On Energy Release Rates and Configurational Forces for Interfacial Propagating Cracks: A Lattice Approach With a Brittle Erosion Technique

Abstract

A numerical 2D lattice approach with an erosion algorithm is employed to analyze bimaterial interface fracture quantities in brittle heterogeneous materials in the context of linear elastic fracture mechanics (LEFM). The concept of configurational force is elucidated and the importance of nodal configurational changes in a mesh where no stress–strain analyses are needed is investigated. Three fracture problems, i.e., an infinite panel with a bi-material interface crack, a double-lap shear test, and a prenotched four-point bending masonry beam are then considered. Validated by analytical solutions, the lattice model uses two distinct postprocessing approaches to derive the energy release rates and configurational forces directly at bimaterial interface crack tips.

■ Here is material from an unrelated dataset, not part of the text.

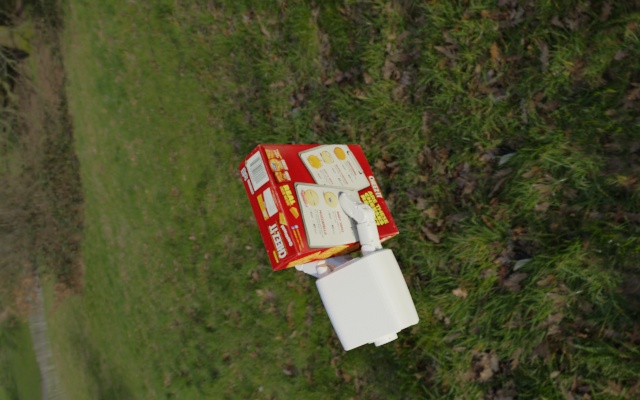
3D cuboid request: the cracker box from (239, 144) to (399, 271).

While the first method takes advantage of the change of the lattice mesh's global stiffness matrix before and after crack growth without any stress–strain calculations to obtain crack tip driving forces, the second approach analyzes the configurational forces opposing the crack tip motion using the Eshelby stress tensor and local force balance law in cracked and heterogeneous domains. It is demonstrated that the discrete material forces at crack tips are closely equal to the tip driving forces for the three fracture problems, confirming that the lattice is an appropriate numerical tool to analyze fracture properties of evolving interface cracks. Satisfying C1 continuity by including rotational displacements for frame struts, there is also no need for the lattice to update interior computational points in the mesh to eliminate spurious material forces away from the tip.